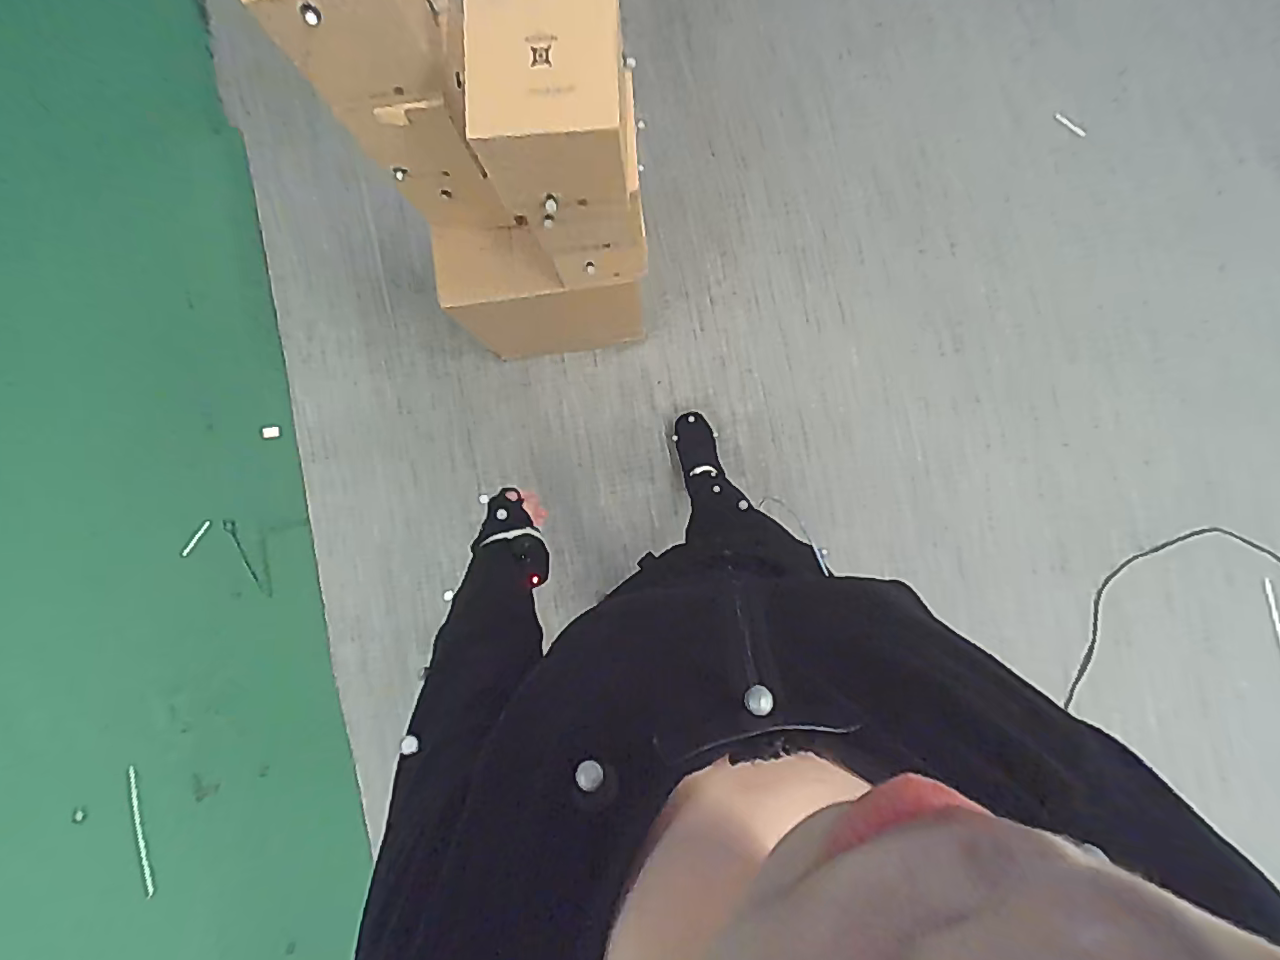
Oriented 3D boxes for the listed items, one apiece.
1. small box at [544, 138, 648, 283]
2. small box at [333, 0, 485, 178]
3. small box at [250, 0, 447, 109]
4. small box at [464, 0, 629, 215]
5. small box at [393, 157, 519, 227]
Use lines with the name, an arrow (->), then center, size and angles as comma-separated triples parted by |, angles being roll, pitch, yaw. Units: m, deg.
small box -> -0.079, -0.473, 0.980 | 0.168, 0.176, 0.179 | -9, 87, 2
small box -> -0.341, -0.594, 0.832 | 0.168, 0.176, 0.179 | 1, 87, 2
small box -> -0.353, -0.607, 0.668 | 0.168, 0.176, 0.179 | -6, 87, 3
small box -> -0.102, -0.449, 0.653 | 0.168, 0.176, 0.179 | -1, 88, 3
small box -> -0.329, -0.586, 0.996 | 0.179, 0.176, 0.168 | -1, 88, 2
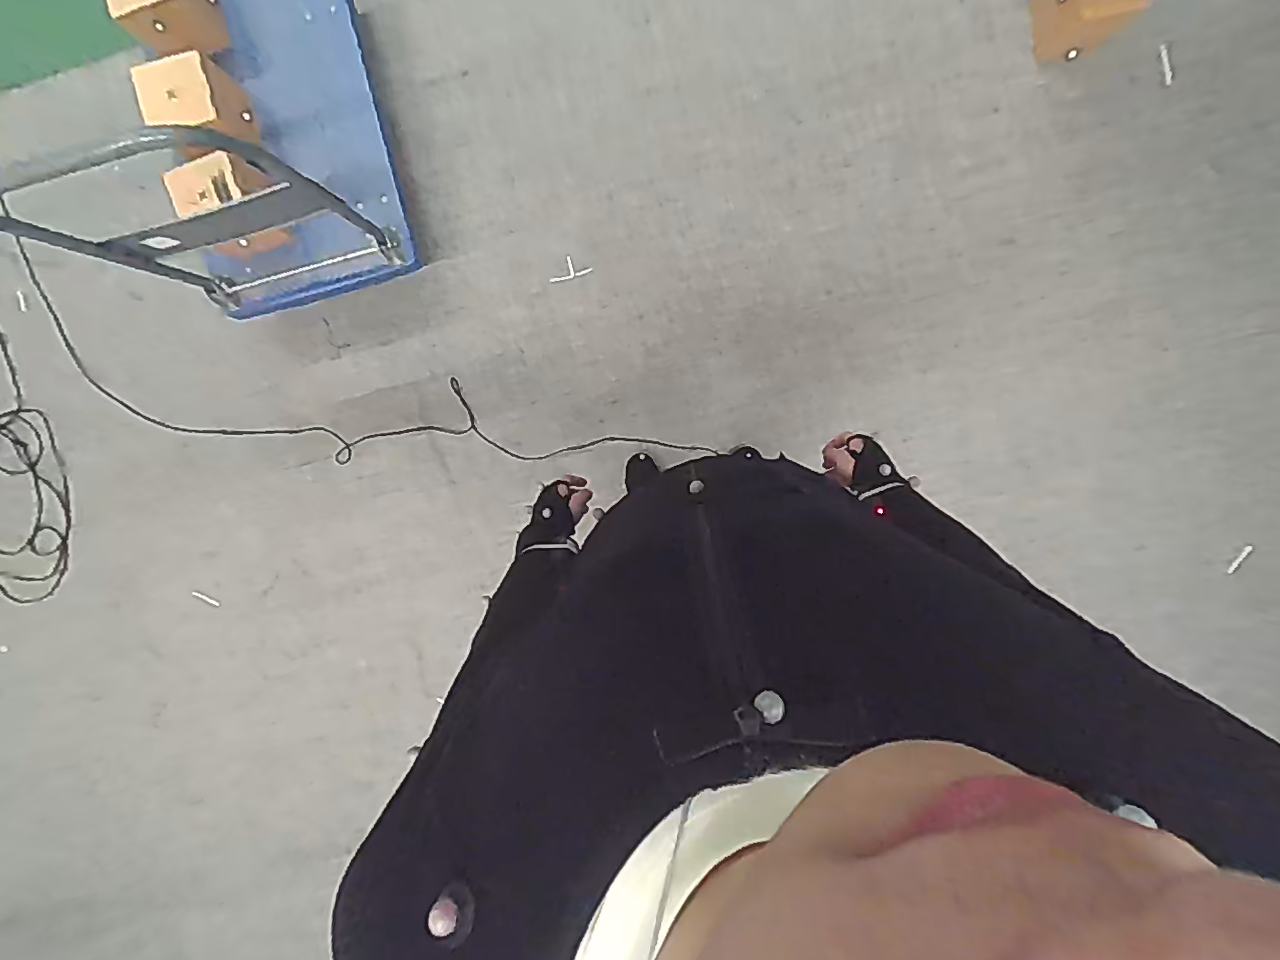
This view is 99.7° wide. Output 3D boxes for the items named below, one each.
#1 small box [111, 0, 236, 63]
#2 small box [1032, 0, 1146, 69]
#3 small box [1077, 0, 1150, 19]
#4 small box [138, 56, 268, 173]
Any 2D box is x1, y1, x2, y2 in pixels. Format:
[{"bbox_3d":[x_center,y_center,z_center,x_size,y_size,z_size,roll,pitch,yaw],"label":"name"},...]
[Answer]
[{"bbox_3d":[-1.174,-1.187,1.356,0.179,0.176,0.168,-14,94,3],"label":"small box"},{"bbox_3d":[1.173,-1.241,1.426,0.168,0.176,0.179,-9,93,4],"label":"small box"},{"bbox_3d":[1.159,-1.235,1.263,0.179,0.176,0.168,-9,93,5],"label":"small box"},{"bbox_3d":[-1.102,-0.917,1.375,0.179,0.176,0.168,-13,93,2],"label":"small box"}]
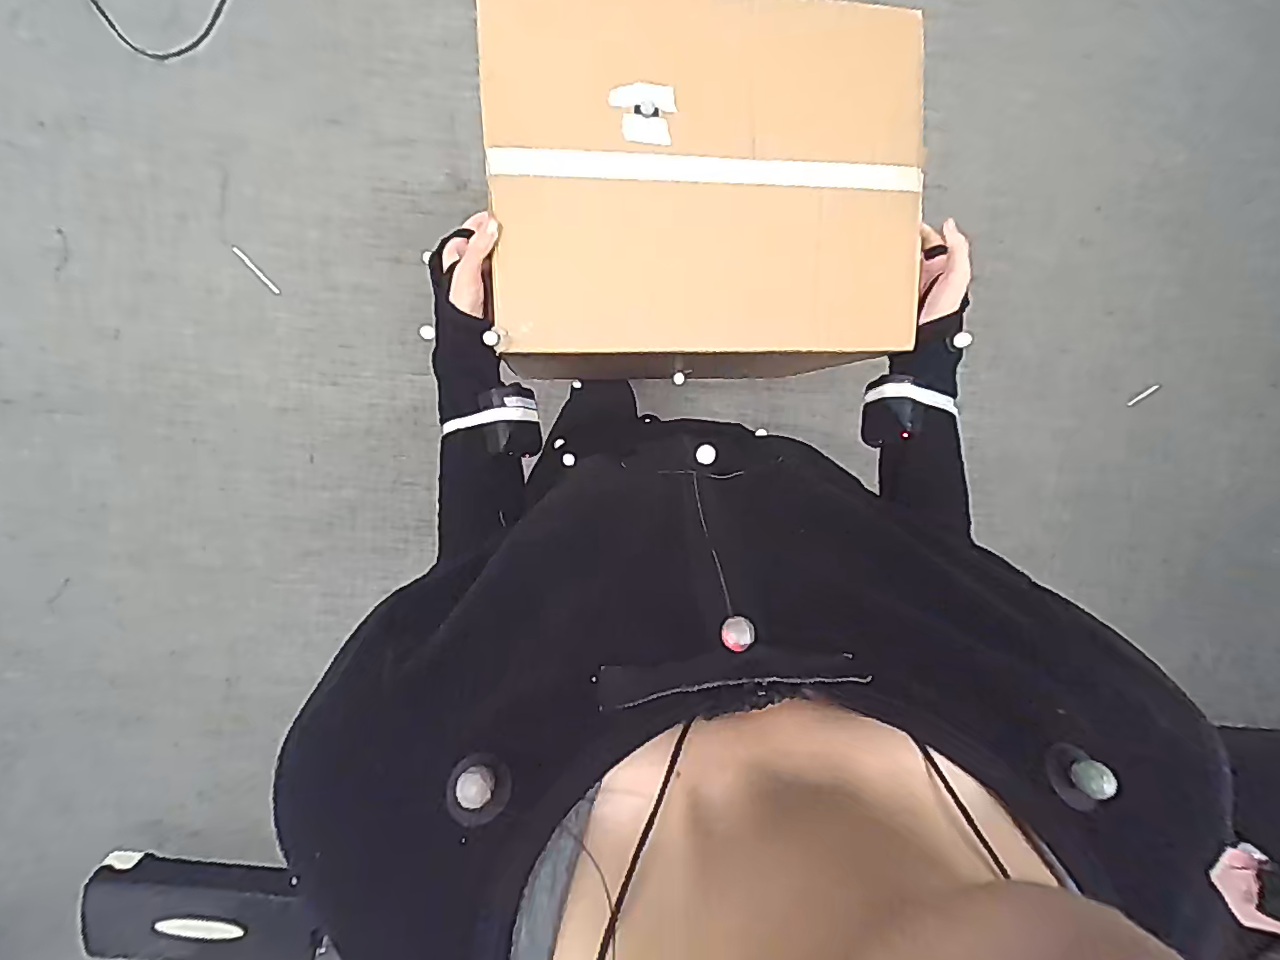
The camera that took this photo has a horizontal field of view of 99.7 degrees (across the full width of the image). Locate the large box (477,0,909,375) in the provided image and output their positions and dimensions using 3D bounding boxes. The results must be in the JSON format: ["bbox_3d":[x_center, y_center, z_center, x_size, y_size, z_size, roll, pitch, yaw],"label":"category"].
[{"bbox_3d":[0.044,-0.296,0.648,0.408,0.320,0.320,-2,96,-8],"label":"large box"}]
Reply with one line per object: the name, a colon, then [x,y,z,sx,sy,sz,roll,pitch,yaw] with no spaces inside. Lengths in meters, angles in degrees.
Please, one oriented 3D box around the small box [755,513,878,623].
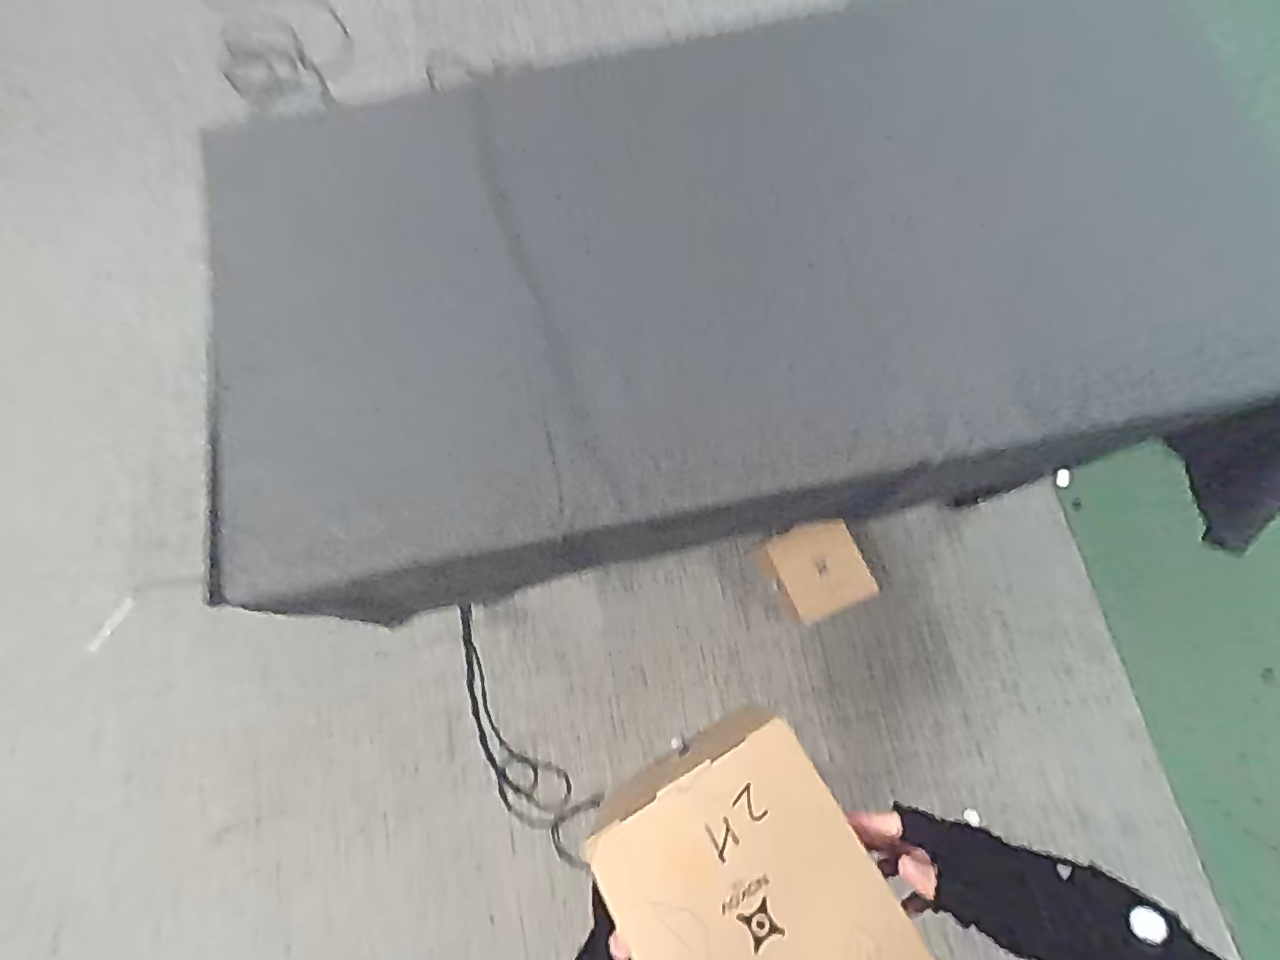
small box: [0.359,0.193,1.142,0.168,0.176,0.179,-23,75,-2]

______________________________

> EXERCISE AIM
Reproduce exactly, and only, the lines from the opening line of the listing above through the line holding "Any 2D box is", minus the pictures.

> EXERCISE ANSWER
Oriented 3D boxes for the listed items, one apiece.
1. small box at [544, 138, 648, 283]
2. small box at [333, 0, 485, 178]
3. small box at [250, 0, 447, 109]
4. small box at [464, 0, 629, 215]
5. small box at [393, 157, 519, 227]
Use lines with the name, an arrow (->), then center, size and angles as comma-separated triples parted by |, angles being roll, pitch, yaw. Units: m, deg.
small box -> -0.079, -0.473, 0.980 | 0.168, 0.176, 0.179 | -9, 87, 2
small box -> -0.341, -0.594, 0.832 | 0.168, 0.176, 0.179 | 1, 87, 2
small box -> -0.353, -0.607, 0.668 | 0.168, 0.176, 0.179 | -6, 87, 3
small box -> -0.102, -0.449, 0.653 | 0.168, 0.176, 0.179 | -1, 88, 3
small box -> -0.329, -0.586, 0.996 | 0.179, 0.176, 0.168 | -1, 88, 2
This view is 99.7° wide. Output 3D boxes for the items named below, one each.
#1 small box [111, 0, 236, 63]
#2 small box [1032, 0, 1146, 69]
#3 small box [1077, 0, 1150, 19]
#4 small box [138, 56, 268, 173]
Any 2D box is x1, y1, x2, y2 in pixels. Format:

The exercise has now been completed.